By the Eleventh Doctor’s era, a religious sect called the Silence had kidnapped one of the Doctor’s
companions who was pregnant with a Time Lord hybrid baby and psychologically conditioned the
child to kill the Doctor. A simple plan. They believed it was the only way to stop the Doctor. By this
time, his arrogance had begun to come to the forefront. They were no longer just a traveller, but a
winner. The timelord victorious and the Doctor of War. The Doctor embraces that side of himself in
the battle of Demon’s Run in the episode A good man goes to war. The Doctor calls in favours from
many beings he’s saved from across the time to help him get save his future wife. And he seemingly
wins with minimal effort. The army that was supposed to kill him are neatly rounded up and The
Doctor mocks Colonel Manton, calling him ‘Colonel Runaway’, after making him order his troops not
just to retreat but to run away. It all falls apart for the Doctor however when he realises that the child
he came to save was never really there. She was a flesh duplicate. Unlike The Time War, which had
been a matter of universe ending urgency, this time the Doctor sacrificed all his principles for
nothing.. In the episode on of the soldiers is a woman named Lorna. Whom the Doctor saved as a
young child. She idolises him and dies for The Doctor she knows, a might warrior. On her deathbed
he promises that he remembers her only to turn around after she died and ask his friends who she
was. Having accepted the identity of a legend, a warrior that can make armies turn and run away
with the mention of his name, “little people” don’t stick in his mind. And this experience makes him
realise what he has become and reexamine his actions.
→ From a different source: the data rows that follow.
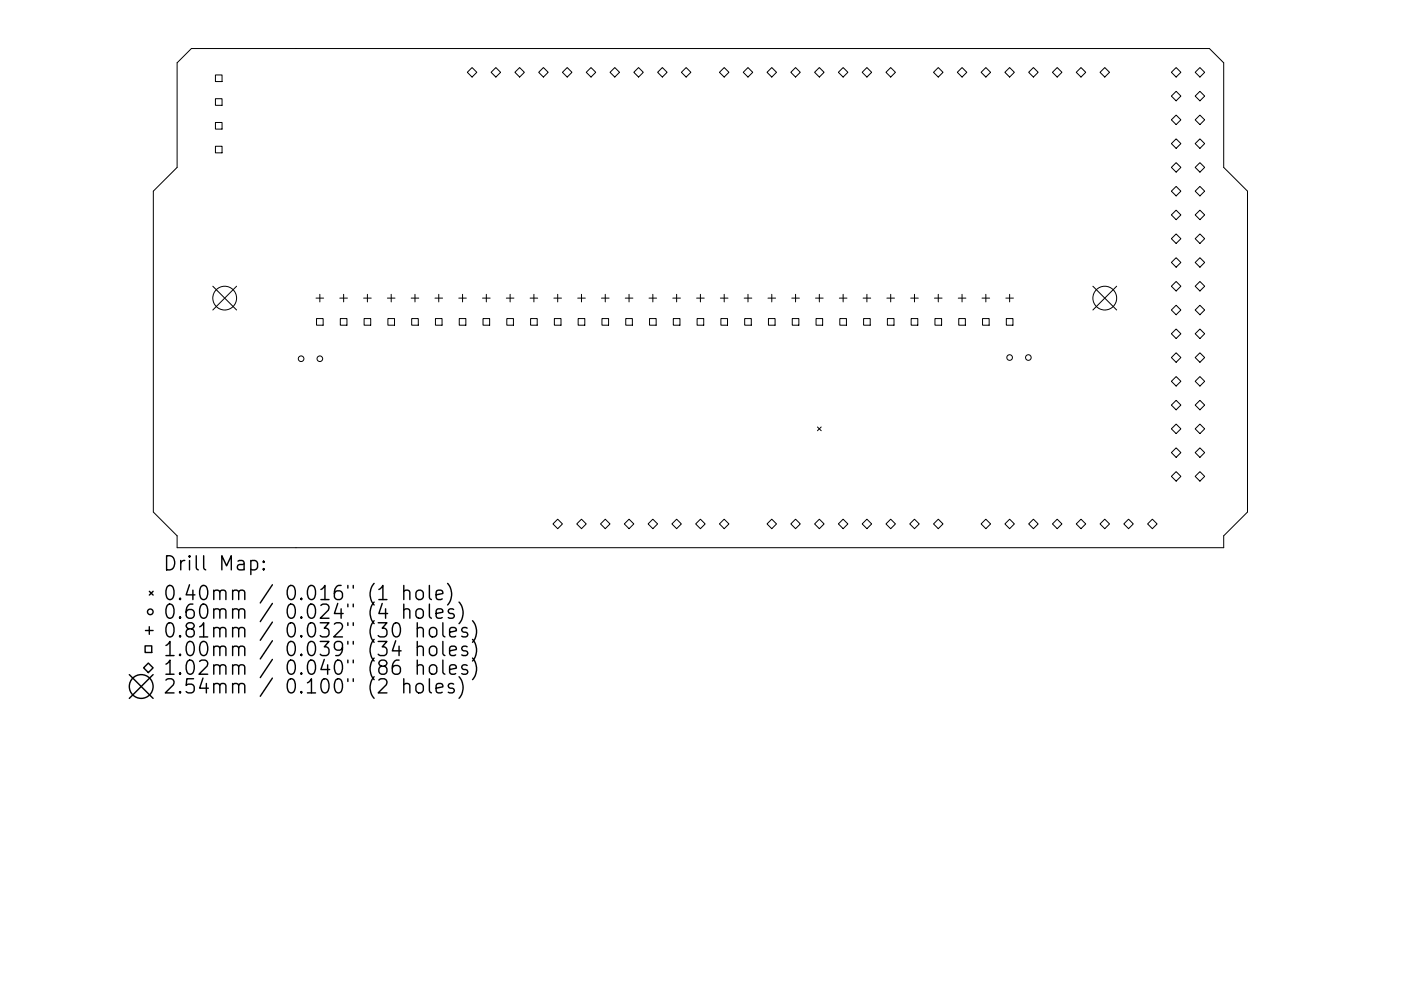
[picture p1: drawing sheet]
<svg xmlns="http://www.w3.org/2000/svg" width="297mm" height="210mm" viewBox="0 0 297 210" stroke-linecap="round" stroke-linejoin="round" font-family="sans-serif">
<defs><g id="words">
<g font-size="4.2">
<text x="34.5" y="121.1">Drill Map:</text>
<text x="34.5" y="127.4">0.40mm / 0.016&quot; (1 hole)</text>
<text x="34.5" y="131.3">0.60mm / 0.024&quot; (4 holes)</text>
<text x="34.5" y="135.3">0.81mm / 0.032&quot; (30 holes)</text>
<text x="34.5" y="139.2">1.00mm / 0.039&quot; (34 holes)</text>
<text x="34.5" y="143.2">1.02mm / 0.040&quot; (86 holes)</text>
<text x="34.5" y="147.2">2.54mm / 0.100&quot; (2 holes)</text>
</g>
</g></defs>
<g fill="none" stroke="#000" stroke-width=".21">
<path d="M37.6 13.3l3-3h215.8l3 3v22.2l5.1 5.1v68l-5.1 5.1v2.5h-221.8v-2.5l-5.1-5.1v-68l5.1-5.1zM45.7 15.9h1.4v1.4h-1.4zM100.1 14.3l1 1-1 1-1-1zM105.1 14.3l1 1-1 1-1-1zM110.2 14.3l1 1-1 1-1-1zM115.2 14.3l1 1-1 1-1-1zM120.3 14.3l1 1-1 1-1-1zM124.3 15.3l1-1 1 1-1 1zM130.3 14.3l1.1 1-1.1 1-1-1zM134.4 15.3l1-1 1 1-1 1zM140.4 14.3l1 1-1 1-1-1zM145.5 14.3l1 1-1 1-1-1z"/>
<path d="M152.5 15.3l1-1 1.1 1-1.1 1zM158.6 14.3l1 1-1 1-1-1zM163.6 14.3l1 1-1 1-1-1zM168.7 14.3l1 1-1 1-1-1zM173.7 14.3l1 1-1 1-1-1zM178.8 14.3l1 1-1 1-1-1zM183.8 14.3l1 1-1 1-1-1zM188.8 14.3l1.1 1-1.1 1-1-1zM198.9 14.3l1 1-1 1-1-1zM204 14.3l1 1-1 1-1-1zM208 15.3l1-1 1 1-1 1zM213.1 15.3l1-1 1 1-1 1z"/>
<path d="M218.1 15.3l1-1 1 1-1 1zM224.1 14.3l1.1 1-1.1 1-1-1zM228.2 15.3l1-1 1 1-1 1zM234.2 14.3l1 1-1 1-1-1zM248.4 15.3l1-1 1 1-1 1zM253.4 15.3l1-1 1 1-1 1zM45.7 20.9h1.4v1.4h-1.4zM45.7 26h1.4v1.4h-1.4zM45.7 31h1.4v1.4h-1.4zM248.4 20.4l1-1 1 1-1 1zM248.4 25.4l1-1 1 1-1 1zM248.4 30.5l1-1 1 1-1 1z"/>
<path d="M248.4 35.5l1-1 1 1-1 1zM253.4 20.4l1-1 1 1-1 1zM253.4 25.4l1-1 1 1-1 1zM253.4 30.5l1-1 1 1-1 1zM253.4 35.5l1-1 1 1-1 1zM248.4 40.6l1-1.1 1 1.1-1 1zM248.4 45.6l1-1 1 1-1 1zM248.4 50.6l1-1 1 1-1 1.1zM248.4 55.7l1-1 1 1-1 1zM253.4 40.6l1-1.1 1 1.1-1 1zM253.4 45.6l1-1 1 1-1 1zM253.4 50.6l1-1 1 1-1 1.1z"/>
<path d="M253.4 55.7l1-1 1 1-1 1zM45.1 60.7l5.1 5.1M50.2 60.7l-5.1 5.1M67 63.3h1.6M67.1 67.6h1.4v1.4h-1.4zM67.8 62.4v1.7M72 63.3h1.7M72.2 67.6h1.4v1.4h-1.4zM72.9 62.4v1.7M77.1 63.3h1.6M77.2 67.6h1.4v1.4h-1.4zM77.9 62.4v1.7"/>
<path d="M82.1 63.3h1.6M82.2 67.6h1.4v1.4h-1.4zM82.9 62.4v1.7M87.2 63.3h1.6M87.3 67.6h1.4v1.4h-1.4zM88 62.4v1.7M92.2 63.3h1.6M92.3 67.6h1.4v1.4h-1.4zM93 62.4v1.7M97.3 63.3h1.6M97.4 67.6h1.4v1.4h-1.4zM98.1 62.4v1.7"/>
<path d="M102.3 63.3h1.6M102.4 67.6h1.4v1.4h-1.4zM103.1 62.4v1.7M107.3 63.3h1.7M107.5 67.6h1.4v1.4h-1.4zM108.2 62.4v1.7M112.4 63.3h1.6M112.5 67.6h1.4v1.4h-1.4zM113.2 62.4v1.7M117.4 63.3h1.6M117.5 67.6h1.4v1.4h-1.4zM118.2 62.4v1.7"/>
<path d="M122.5 63.3h1.6M122.6 67.6h1.4v1.4h-1.4zM123.3 62.4v1.7M127.5 63.3h1.6M127.6 67.6h1.4v1.4h-1.4zM128.3 62.4v1.7M132.6 63.3h1.6M132.7 67.6h1.4v1.4h-1.4zM133.4 62.4v1.7M137.6 63.3h1.6M137.7 67.6h1.4v1.4h-1.4zM138.4 62.4v1.7"/>
<path d="M142.7 63.3h1.6M142.8 67.6h1.4v1.4h-1.4zM143.5 62.4v1.7M147.7 63.3h1.6M147.8 67.6h1.4v1.4h-1.4zM148.5 62.4v1.7M152.7 63.3h1.7M152.8 67.6h1.4v1.4h-1.4zM153.5 62.4v1.7M157.8 63.3h1.6M157.9 67.6h1.4v1.4h-1.4zM158.6 62.4v1.7"/>
<path d="M162.8 63.3h1.6M162.9 67.6h1.4v1.4h-1.4zM163.6 62.4v1.7M167.9 63.3h1.6M168 67.6h1.4v1.4h-1.4zM168.7 62.4v1.7M172.9 63.3h1.6M173 67.6h1.4v1.4h-1.4zM173.7 62.4v1.7M178 63.3h1.6M178.1 67.6h1.4v1.4h-1.4zM178.8 62.4v1.7"/>
<path d="M183 63.3h1.6M183.1 67.6h1.4v1.4h-1.4zM183.8 62.4v1.7M188 63.3h1.7M188.1 67.6h1.4v1.4h-1.4zM188.8 62.4v1.7M193.1 63.3h1.6M193.2 67.6h1.4v1.4h-1.4zM193.9 62.4v1.7M198.1 63.3h1.6M198.2 67.6h1.4v1.4h-1.4zM198.9 62.4v1.7"/>
<path d="M203.2 63.3h1.6M203.3 67.6h1.4v1.4h-1.4zM204 62.4v1.7M208.2 63.3h1.6M208.3 67.6h1.4v1.4h-1.4zM209 62.4v1.7M213.3 63.3h1.6M213.4 67.6h1.4v1.4h-1.4zM214.1 62.4v1.7M231.7 60.7l5.1 5.1M236.8 60.7l-5.1 5.1M248.4 60.7l1-1 1 1-1 1z"/>
<path d="M248.4 65.8l1-1 1 1-1 1zM248.4 70.8l1-1 1 1-1 1zM248.4 75.9l1-1.1 1 1.1-1 1zM253.4 60.7l1-1 1 1-1 1zM253.4 65.8l1-1 1 1-1 1zM253.4 70.8l1-1 1 1-1 1zM253.4 75.9l1-1.1 1 1.1-1 1zM173.3 90.6l.8 .8M174.1 90.6l-.8 .8M248.4 80.9l1-1 1 1-1 1zM248.4 85.9l1-1 1 1-1 1.1zM248.4 91l1-1 1 1-1 1z"/>
<path d="M248.4 96l1-1 1 1-1 1zM253.4 80.9l1-1 1 1-1 1zM253.4 85.9l1-1 1 1-1 1.1zM253.4 91l1-1 1 1-1 1zM253.4 96l1-1 1 1-1 1zM118.2 110.2l1.1 1-1.1 1-1-1zM123.3 110.2l1 1-1 1-1-1zM127.3 111.2l1-1 1 1-1 1zM132.4 111.2l1-1 1 1-1 1zM137.4 111.2l1-1 1 1-1 1zM142.4 111.2l1.1-1 1 1-1 1zM147.5 111.2l1-1 1 1-1 1z"/>
<path d="M152.5 111.2l1-1 1.1 1-1.1 1zM163.6 110.2l1 1-1 1-1-1zM167.7 111.2l1-1 1 1-1 1zM173.7 110.2l1 1-1 1-1-1zM178.8 110.2l1 1-1 1-1-1zM183.8 110.2l1 1-1 1-1-1zM188.8 110.2l1.1 1-1.1 1-1-1zM192.9 111.2l1-1 1 1-1 1zM197.9 111.2l1-1 1 1-1 1zM208 111.2l1-1 1 1-1 1zM213.1 111.2l1-1 1 1-1 1zM218.1 111.2l1-1 1 1-1 1z"/>
<path d="M223.1 111.2l1-1 1.1 1-1.1 1zM228.2 111.2l1-1 1 1-1 1zM233.2 111.2l1-1 1 1-1 1zM238.3 111.2l1-1 1 1-1 1zM243.3 111.2l1-1 1 1-1 1zM248.4 101.1l1-1 1 1-1 1zM253.4 101.1l1-1 1 1-1 1z"/>
<circle cx="47.6" cy="63.3" r="2.52"/>
<circle cx="63.8" cy="76.1" r=".6"/>
<circle cx="67.8" cy="76.1" r=".6"/>
<circle cx="214.1" cy="75.9" r=".6"/>
<circle cx="218" cy="75.9" r=".6"/>
<circle cx="234.2" cy="63.3" r="2.52"/>
</g>
<g fill="none" stroke="#000" stroke-width=".3">
<path d="M53.2 119.1l.8-.2 .6 .6v.8l-.3 .5-.3 .1-.8-.1M55.9 119.1l.1 .1-.1 .1-.1-.1 .1-.1v.2M30.8 137h1.4v1.4h-1.4zM30.8 133.8h1.7M31.7 133v1.6M31.7 125.5l.8 .7M32.5 125.5l-.8 .7M55.9 120.6l.1 .2-.1 .1-.1-.1 .1-.2v.3M85.6 125.5a.74 .74 0 0 1 1.3 .1v1.6M85.6 129.5a.74 .74 0 0 1 1.3 .1v1.6M85.6 124.2v3M85.6 128.2v3"/>
<path d="M88.3 125.5a.81 .81 0 0 1 .8-.3 .81 .81 0 0 1 .7 .6v.8a.81 .81 0 0 1-.8 .6 .81 .81 0 0 1-.8-.6v-.8zM88.3 129.5a.81 .81 0 0 1 .8-.3 .81 .81 0 0 1 .7 .5v.9a.81 .81 0 0 1-.8 .6 .81 .81 0 0 1-.8-.6v-.9zM88.5 133.4a.74 .74 0 0 1 1.3 .2v1.5M88.5 137.4a.74 .74 0 0 1 1.3 .1v1.6M88.5 132.1v3M88.5 136.1v3M91 124.2v2.6l.5 .4M91 128.2v2.5l.5 .5M91.2 133.4a.81 .81 0 0 1 .8-.3 .81 .81 0 0 1 .6 .6v.9a.81 .81 0 0 1-.8 .6 .81 .81 0 0 1-.8-.6v-.9zM91.3 137.2a.81 .81 0 0 1 1.3 .5v.8a.81 .81 0 0 1-.8 .6 .81 .81 0 0 1-.8-.6v-.8zM92.5 126.2l1.4-.3-.1-.5-.9-.2-.4 .4v1.2l.1 .3 .3 .1 .9-.1M92.5 130.2l1.4-.3-.1-.6-.9-.1-.4 .4v1.1l.1 .3 .3 .2 .9-.2"/>
<path d="M93.9 132.1v2.6l.4 .4M93.9 136.1v2.6l.4 .4M94.9 123.8a3.4 3.4 0 0 1 0 4.6M95.3 134.1l1.5-.3-.2-.5-.8-.2-.5 .5v1.1l.2 .3 .3 .1 .8-.1M95.3 138.1l1.5-.3-.2-.6-.8-.1-.5 .4v1.2l.2 .2 .3 .2 .8-.2M96.2 129.3l-.7-.1-.5 .4 .2 .4 1 .3 .1 .3-.1 .4-.3 .2-.9-.2M97.3 127.7a3.4 3.4 0 0 1 0 4.6M99 133.3l-.7-.2-.4 .5 .1 .4 1 .3 .2 .3-.2 .4-.2 .1-.9-.1M99 137.2l-.7-.1-.4 .4 .1 .4 1 .3 .2 .3-.2 .4-.2 .2-.9-.2M100.2 131.7a3.4 3.4 0 0 1 0 4.6M100.2 135.7a3.4 3.4 0 0 1 0 4.5M100.2 139.6a3.4 3.4 0 0 1 0 4.6"/>
<path d="M27.4 143.1l5.1 5.1M31.5 140.7l1 1-1 1-1.1-1zM32.5 143.1l-5.1 5.1M85.6 145.3a.74 .74 0 0 1 1.3 .1v1.6M85.6 144v3M88.3 145.3a.81 .81 0 0 1 .8-.3 .81 .81 0 0 1 .7 .6v.8a.81 .81 0 0 1-.8 .6 .81 .81 0 0 1-.8-.6v-.8zM88.5 141.3a.74 .74 0 0 1 1.3 .2v1.5M88.5 140v3M91 144v2.6l.5 .4M91.2 141.3a.81 .81 0 0 1 .8-.3 .81 .81 0 0 1 .6 .6v.9a.81 .81 0 0 1-.8 .6 .81 .81 0 0 1-.8-.6v-.9zM92.5 146l1.4-.3-.1-.5-.9-.2-.4 .4v1.2l.1 .3 .3 .1 .9-.1M93.9 140v2.6l.4 .4"/>
<path d="M95.3 142l1.5-.2-.2-.6-.8-.2-.5 .5v1.1l.2 .3 .3 .1 .8-.1M96.2 145.2l-.7-.2-.5 .4 .2 .5 1 .3 .1 .2-.1 .5-.3 .1-.9-.1M97.3 143.6a3.4 3.4 0 0 1 0 4.6M99 141.2l-.7-.2-.4 .5 .1 .4 1 .3 .2 .3-.2 .4-.2 .1-.9-.1"/>
<circle cx="31.9" cy="129.8" r=".6"/>
<circle cx="29.9" cy="145.7" r="2.52"/>
</g>
<use href="#words"/>
</svg>

As you saw in the episode we just watched, Thin Ice, the Doctor’s attempts at talking his enemy
down have become less arrogant. Rather he attempts to appeal to the humanity in the villain. And
again in one of the best episodes of all time, The Zygon Inversion, the Doctor saves everyone by
giving a speech. Far from a war hero, the Doctor shows his PTSD, remembering everyone that was
killed. And he’s desperate for history not to repeat itself, to keep the peace. Which is all part of being
the Doctor. He doesn’t need weapons because he’s not really a hero, he’s a healer and a pacifist. He
just passes through and helps out, that’s why the Doctor is a legendary figure. Thank you.